Varese – «Movida sostenibile» Centro vivo, senza guai

a scommessa è di quelle da un milione di dollari: fare in modo che la movida di Varese sia sostenibile, non venga considerata come un luogo di alcol puro e atti vandalici e auto in divieto ma come un valore aggiunto per la città, per chi risiede, per chi passeggia e si gode il centro, per chi abita e ha il diritto di riposare la notte. Il Tavolo della Movida voluto dal Comune torna a riunirsi, stavolta incentrato sulle problematiche degli esercenti delle vie Cavallotti, Donizetti e Cattaneo. E al termine di un’ora e mezza di confronto, i commercianti che invocano più parcheggi escono con l’impegno da parte dei rappresentanti della giunta all’apertura del parcheggio multipiano di via Sempione tra un mese e mezzo; con il sì della Polizia locale a più pattuglie che facciano rispettare il silenzio la notte, visto che molti locale chiudono alle 2, con l’ipotesi di bus navetta verso i parcheggi periferici e addirittura con un presidio sanitario per le emergenze in centro, da istituire almeno nei fine settimana.

«La movida deve essere un valore aggiunto per tutti, per questa ragione non è possibile chiudere un occhio su chi vuole parcheggiare a cinque metri dal locale – spiega il vicesindaco e assessore alla sicurezza Daniele Zanzi -. La sosta in divieto non dovrebbe essere consentita nemmeno se un automobilista va in farmacia un istante, figuriamoci se va a divertirsi per un paio d’ore.

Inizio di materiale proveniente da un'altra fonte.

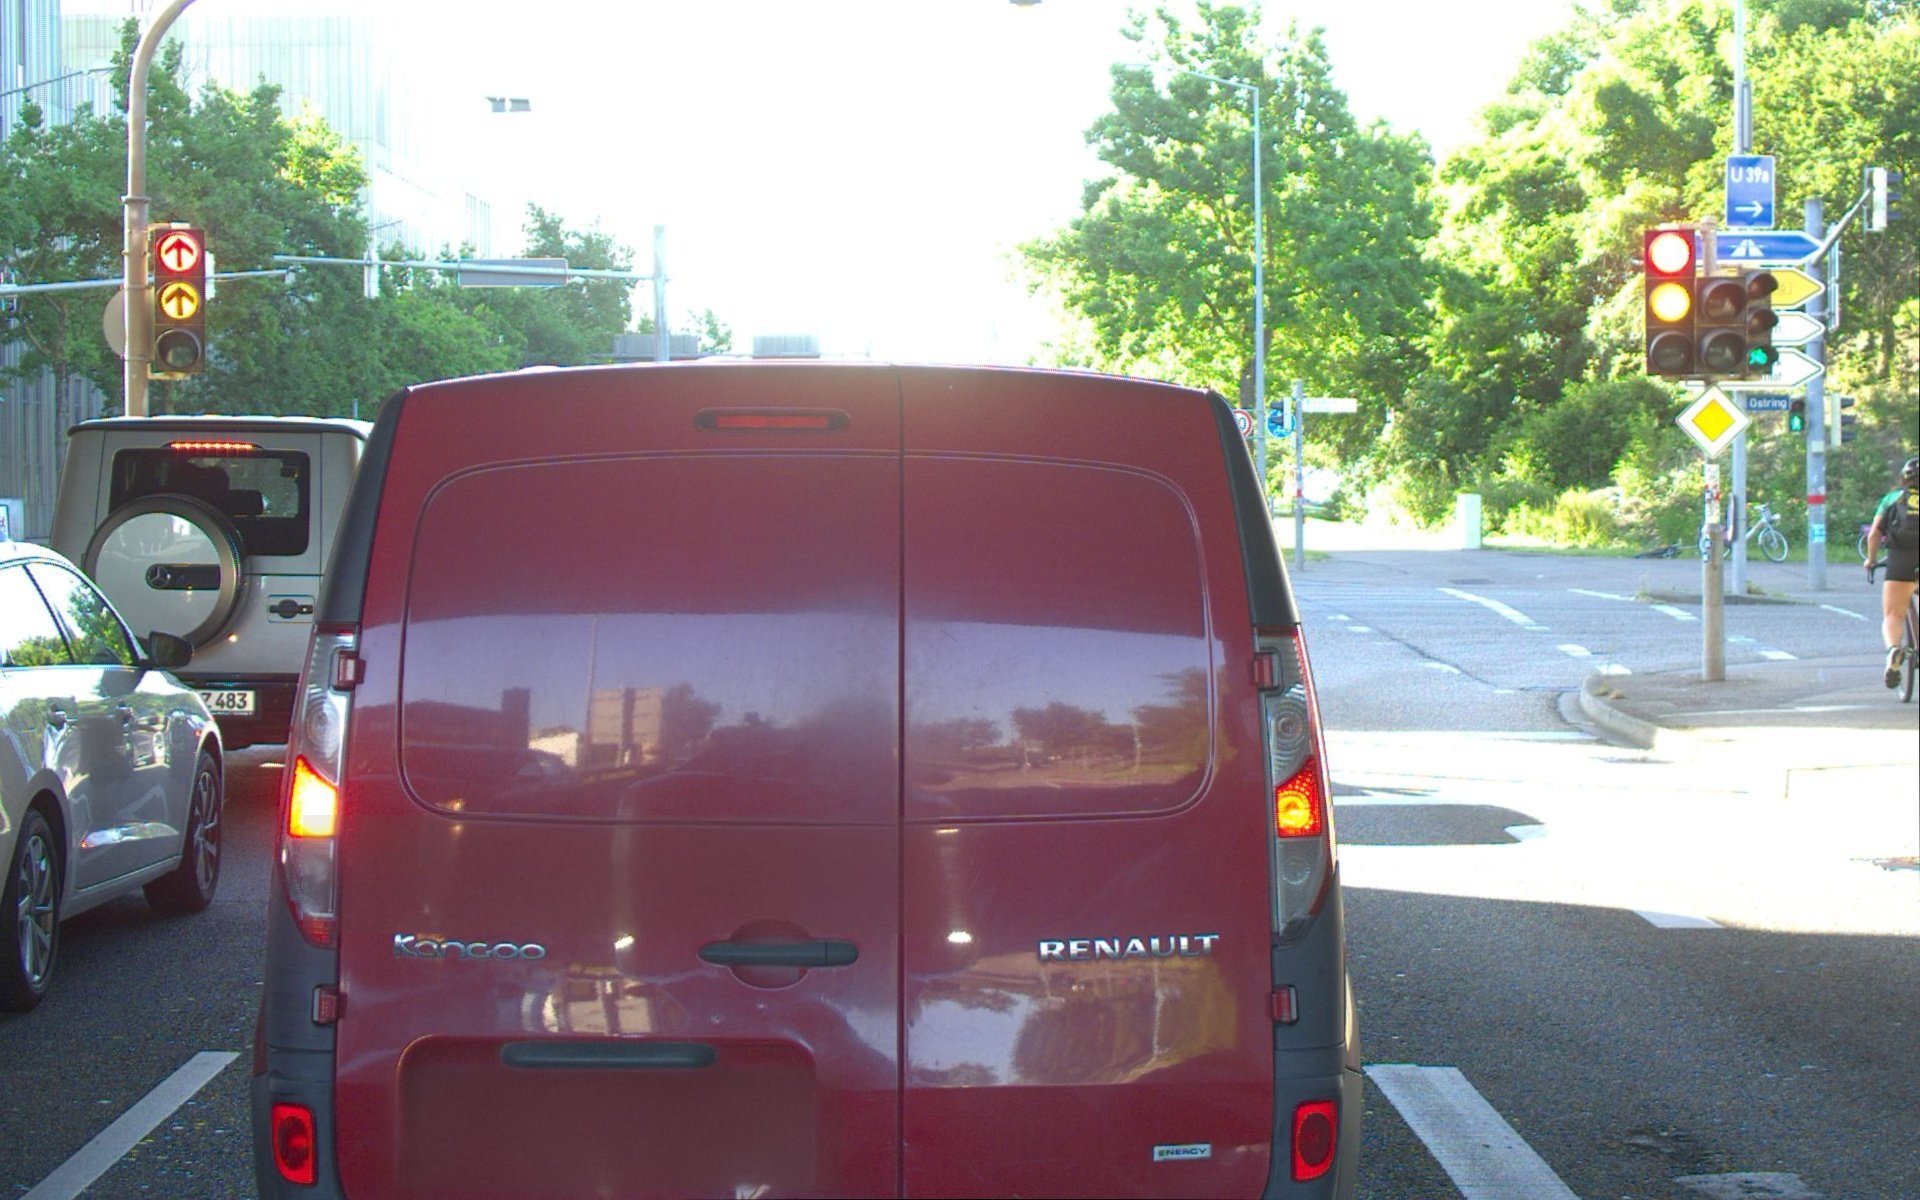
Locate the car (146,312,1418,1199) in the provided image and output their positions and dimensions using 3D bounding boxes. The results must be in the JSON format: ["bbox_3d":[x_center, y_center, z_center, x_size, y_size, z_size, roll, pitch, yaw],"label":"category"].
[{"bbox_3d":[-0.281,0.475,6.927,1.805,1.788,4.000,1,1,-1],"label":"car"}]

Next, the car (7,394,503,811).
[{"bbox_3d":[-3.694,-0.011,18.826,1.801,1.982,4.589,1,1,-1],"label":"car"}]

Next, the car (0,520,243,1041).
[{"bbox_3d":[-3.647,0.468,11.410,1.813,1.433,3.731,0,2,-1],"label":"car"}]

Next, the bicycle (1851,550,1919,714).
[{"bbox_3d":[6.272,0.195,22.221,0.592,1.020,1.750,1,1,1],"label":"bicycle"}]

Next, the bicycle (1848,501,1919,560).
[{"bbox_3d":[16.662,-1.223,60.916,1.745,1.020,0.593,1,0,9],"label":"bicycle"}]

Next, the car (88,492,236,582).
[{"bbox_3d":[-16.570,-1.343,71.626,1.825,1.731,4.629,-2,2,1],"label":"car"}]

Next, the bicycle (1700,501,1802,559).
[{"bbox_3d":[14.353,-1.270,62.378,1.745,1.020,0.593,1,0,9],"label":"bicycle"}]

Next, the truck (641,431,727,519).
[{"bbox_3d":[-9.957,-4.496,124.521,2.409,3.016,6.657,-2,2,0],"label":"truck"}]

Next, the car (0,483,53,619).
[{"bbox_3d":[-11.648,-0.513,36.231,1.694,1.443,3.749,1,1,41],"label":"car"}]

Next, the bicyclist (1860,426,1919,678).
[{"bbox_3d":[6.294,-0.306,22.434,0.592,1.608,0.942,1,0,1],"label":"bicyclist"}]

Il rispetto deve essere per tutti e può passare solo attraverso le regole ma anche attraverso il dialogo che abbiamo provato a instaurare». Niente muro contro muro, niente contrapposizione tra chi lavora e si diverte in centro, da una parte, e chi vuole solo dormire la notte, dall’altra. Sarà mai possibile? Dunque tolleranza zero per le auto lasciate ovunque «ma anche aumento dei parcheggi, con l’apertura del multipiano di via Sempione tra un mese e mezzo – continua Zanzi – e potenziamento dei controlli sul fronte amministrativo, non è tollerabile che si dia alcol ai minorenni o che non si rispetti il nuovo regolamento di Polizia urbana».

L’assessore alle Politiche giovanili Francesca Strazzi, invita a guardare e a valorizzare l’altra faccia della medaglia della movida: «Bisogna evitare di demonizzarla e laddove vi sono problemi bisogna cercare di risolverli, così come stiamo facendo con il tavolo della movida. Il nostro obiettivo è portar avanti un percorso comune che coinvolga tutti i soggetti interessati – continua l’assessore Strazzi – , con un dialogo costruttivo tra commercianti e residenti». Un confronto già cominciato, che porterà a nuovi faccia a faccia, oltre a quello svoltosi ieri nella sede dell’Informagiovani di via Como, al quale ha partecipato anche il comandante della Polizia Locale Matteo Ferrario.

«Una Varese sempre più viva è nell’interesse di tutti – commenta l’assessore alle Attività produttive Ivana Perusin, presente all’incontro al quale ha partecipato anche Paola Cocchiere, consigliere comunale della Lista Galimberti -. L’intento di questi tavoli è di fare sinergia per sperimentare metodi innovativi che coniughino le attività commerciali e la qualità della vita delle persone». Nel solco della collaborazione tra istituzioni e forze sociali, l’evento chiamato “Varese Plastic Free”, con un primo weekend di sperimentazione, da 21 al 23 giugno: bar e ristoranti dimenticheranno, per un intero fine settimana, l’uso di tutte le plastiche.